▶ **What you need to do**
Each line from the one containing "Can you label the car [579, 555, 656, 585]" through the last line of the data below is to be written out verbatim, and nothing more.
[Data provided Boundary: Start]
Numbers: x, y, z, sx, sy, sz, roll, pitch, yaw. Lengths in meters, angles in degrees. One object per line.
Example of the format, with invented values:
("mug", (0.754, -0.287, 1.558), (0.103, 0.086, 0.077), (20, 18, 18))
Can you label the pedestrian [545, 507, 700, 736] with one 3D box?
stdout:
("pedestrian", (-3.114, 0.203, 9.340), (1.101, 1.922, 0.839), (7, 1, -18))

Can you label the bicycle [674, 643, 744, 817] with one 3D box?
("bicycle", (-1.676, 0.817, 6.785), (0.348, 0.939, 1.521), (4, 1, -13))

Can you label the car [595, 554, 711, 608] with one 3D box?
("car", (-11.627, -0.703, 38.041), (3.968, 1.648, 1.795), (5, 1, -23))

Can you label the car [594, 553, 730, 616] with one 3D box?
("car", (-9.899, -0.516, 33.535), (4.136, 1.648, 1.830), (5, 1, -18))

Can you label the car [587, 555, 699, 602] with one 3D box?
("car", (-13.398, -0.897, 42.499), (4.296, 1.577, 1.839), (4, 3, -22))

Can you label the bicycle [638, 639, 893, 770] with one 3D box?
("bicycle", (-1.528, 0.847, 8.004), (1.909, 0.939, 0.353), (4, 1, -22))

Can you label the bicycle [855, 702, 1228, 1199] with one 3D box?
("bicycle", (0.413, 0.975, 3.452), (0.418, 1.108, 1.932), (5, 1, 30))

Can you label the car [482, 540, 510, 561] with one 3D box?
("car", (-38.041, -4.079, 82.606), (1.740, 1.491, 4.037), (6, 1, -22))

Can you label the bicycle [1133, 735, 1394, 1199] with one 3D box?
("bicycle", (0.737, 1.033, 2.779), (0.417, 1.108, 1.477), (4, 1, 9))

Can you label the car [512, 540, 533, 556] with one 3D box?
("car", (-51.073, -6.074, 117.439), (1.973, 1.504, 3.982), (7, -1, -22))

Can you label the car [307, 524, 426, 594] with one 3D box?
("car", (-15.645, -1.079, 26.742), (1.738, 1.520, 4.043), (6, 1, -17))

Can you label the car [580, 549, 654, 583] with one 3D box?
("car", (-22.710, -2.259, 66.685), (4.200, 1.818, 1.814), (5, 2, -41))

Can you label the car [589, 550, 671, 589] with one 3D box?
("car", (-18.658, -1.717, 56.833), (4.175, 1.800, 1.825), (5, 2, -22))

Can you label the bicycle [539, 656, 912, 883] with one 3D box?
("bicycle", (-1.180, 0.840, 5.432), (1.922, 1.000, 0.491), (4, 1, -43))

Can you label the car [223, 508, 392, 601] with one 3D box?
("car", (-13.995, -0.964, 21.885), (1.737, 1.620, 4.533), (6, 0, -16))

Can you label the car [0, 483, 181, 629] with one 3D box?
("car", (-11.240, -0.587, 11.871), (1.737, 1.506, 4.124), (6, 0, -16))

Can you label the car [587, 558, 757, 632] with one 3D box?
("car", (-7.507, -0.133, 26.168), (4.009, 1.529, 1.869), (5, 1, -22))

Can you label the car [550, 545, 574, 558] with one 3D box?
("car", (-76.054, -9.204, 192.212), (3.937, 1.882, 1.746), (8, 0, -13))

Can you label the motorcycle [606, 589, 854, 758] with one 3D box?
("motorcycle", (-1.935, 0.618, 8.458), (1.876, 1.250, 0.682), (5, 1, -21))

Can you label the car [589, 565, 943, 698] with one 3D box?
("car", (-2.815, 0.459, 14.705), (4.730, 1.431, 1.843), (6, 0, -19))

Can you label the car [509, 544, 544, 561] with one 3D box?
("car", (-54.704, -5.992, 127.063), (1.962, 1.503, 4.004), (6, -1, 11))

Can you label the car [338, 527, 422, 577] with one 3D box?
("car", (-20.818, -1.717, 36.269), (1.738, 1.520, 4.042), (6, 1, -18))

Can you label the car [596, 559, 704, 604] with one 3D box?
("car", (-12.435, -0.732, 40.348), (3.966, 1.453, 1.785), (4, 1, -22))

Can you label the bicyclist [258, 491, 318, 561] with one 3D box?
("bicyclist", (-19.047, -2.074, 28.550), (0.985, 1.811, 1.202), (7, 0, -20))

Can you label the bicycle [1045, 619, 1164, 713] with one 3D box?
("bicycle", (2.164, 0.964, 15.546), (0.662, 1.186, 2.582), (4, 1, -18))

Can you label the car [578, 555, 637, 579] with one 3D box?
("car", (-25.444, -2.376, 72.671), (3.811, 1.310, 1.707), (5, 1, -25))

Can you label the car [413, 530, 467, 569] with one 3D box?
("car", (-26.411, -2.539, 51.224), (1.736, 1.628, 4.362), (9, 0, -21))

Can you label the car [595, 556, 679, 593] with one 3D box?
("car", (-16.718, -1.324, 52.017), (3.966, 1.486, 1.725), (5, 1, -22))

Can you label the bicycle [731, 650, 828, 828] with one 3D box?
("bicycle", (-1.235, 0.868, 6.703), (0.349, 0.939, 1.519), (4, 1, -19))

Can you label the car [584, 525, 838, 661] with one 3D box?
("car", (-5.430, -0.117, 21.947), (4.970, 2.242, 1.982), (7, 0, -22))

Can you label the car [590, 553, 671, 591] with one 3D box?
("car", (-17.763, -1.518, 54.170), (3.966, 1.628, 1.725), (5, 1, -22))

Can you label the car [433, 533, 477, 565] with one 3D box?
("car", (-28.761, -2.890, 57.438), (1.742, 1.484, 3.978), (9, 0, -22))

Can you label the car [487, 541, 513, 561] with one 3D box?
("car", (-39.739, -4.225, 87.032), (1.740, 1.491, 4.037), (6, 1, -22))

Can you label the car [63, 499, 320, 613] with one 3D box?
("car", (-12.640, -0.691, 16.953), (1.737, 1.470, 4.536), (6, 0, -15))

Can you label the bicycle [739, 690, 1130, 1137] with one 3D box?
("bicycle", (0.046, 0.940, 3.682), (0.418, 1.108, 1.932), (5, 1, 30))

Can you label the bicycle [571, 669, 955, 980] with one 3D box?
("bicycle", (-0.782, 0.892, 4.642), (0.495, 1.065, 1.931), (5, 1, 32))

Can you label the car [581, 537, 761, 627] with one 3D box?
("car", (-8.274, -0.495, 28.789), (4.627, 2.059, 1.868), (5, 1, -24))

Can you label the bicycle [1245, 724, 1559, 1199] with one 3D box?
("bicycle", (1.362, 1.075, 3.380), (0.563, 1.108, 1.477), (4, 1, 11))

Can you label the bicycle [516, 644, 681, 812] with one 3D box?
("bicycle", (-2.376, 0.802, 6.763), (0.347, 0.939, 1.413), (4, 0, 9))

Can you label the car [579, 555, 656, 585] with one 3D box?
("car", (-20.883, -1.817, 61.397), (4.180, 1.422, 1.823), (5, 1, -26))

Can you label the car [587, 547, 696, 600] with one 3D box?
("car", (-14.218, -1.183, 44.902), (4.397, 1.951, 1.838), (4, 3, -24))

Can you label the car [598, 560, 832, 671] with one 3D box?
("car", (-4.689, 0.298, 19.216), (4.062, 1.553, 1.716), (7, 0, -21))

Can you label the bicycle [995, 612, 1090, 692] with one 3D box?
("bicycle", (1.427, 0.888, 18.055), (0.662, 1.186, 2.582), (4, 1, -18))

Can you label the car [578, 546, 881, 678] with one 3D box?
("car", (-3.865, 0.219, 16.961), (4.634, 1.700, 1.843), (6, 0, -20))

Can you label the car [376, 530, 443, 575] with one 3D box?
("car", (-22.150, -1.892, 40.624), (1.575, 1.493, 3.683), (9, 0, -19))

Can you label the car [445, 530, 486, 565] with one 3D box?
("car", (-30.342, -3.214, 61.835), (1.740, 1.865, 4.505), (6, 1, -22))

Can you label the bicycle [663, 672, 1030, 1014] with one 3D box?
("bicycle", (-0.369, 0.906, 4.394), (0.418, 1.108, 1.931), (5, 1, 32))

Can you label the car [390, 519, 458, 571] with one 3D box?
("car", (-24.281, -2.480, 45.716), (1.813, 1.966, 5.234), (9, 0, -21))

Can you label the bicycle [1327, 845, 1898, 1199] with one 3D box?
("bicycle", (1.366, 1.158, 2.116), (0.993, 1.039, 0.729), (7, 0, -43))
[Data provided Boundary: End]
▶ **Task solution**
Can you label the car [579, 555, 656, 585] with one 3D box?
("car", (-20.883, -1.817, 61.397), (4.180, 1.422, 1.823), (5, 1, -26))

Can you label the car [587, 547, 696, 600] with one 3D box?
("car", (-14.218, -1.183, 44.902), (4.397, 1.951, 1.838), (4, 3, -24))

Can you label the car [598, 560, 832, 671] with one 3D box?
("car", (-4.689, 0.298, 19.216), (4.062, 1.553, 1.716), (7, 0, -21))

Can you label the bicycle [995, 612, 1090, 692] with one 3D box?
("bicycle", (1.427, 0.888, 18.055), (0.662, 1.186, 2.582), (4, 1, -18))

Can you label the car [578, 546, 881, 678] with one 3D box?
("car", (-3.865, 0.219, 16.961), (4.634, 1.700, 1.843), (6, 0, -20))

Can you label the car [376, 530, 443, 575] with one 3D box?
("car", (-22.150, -1.892, 40.624), (1.575, 1.493, 3.683), (9, 0, -19))

Can you label the car [445, 530, 486, 565] with one 3D box?
("car", (-30.342, -3.214, 61.835), (1.740, 1.865, 4.505), (6, 1, -22))

Can you label the bicycle [663, 672, 1030, 1014] with one 3D box?
("bicycle", (-0.369, 0.906, 4.394), (0.418, 1.108, 1.931), (5, 1, 32))

Can you label the car [390, 519, 458, 571] with one 3D box?
("car", (-24.281, -2.480, 45.716), (1.813, 1.966, 5.234), (9, 0, -21))

Can you label the bicycle [1327, 845, 1898, 1199] with one 3D box?
("bicycle", (1.366, 1.158, 2.116), (0.993, 1.039, 0.729), (7, 0, -43))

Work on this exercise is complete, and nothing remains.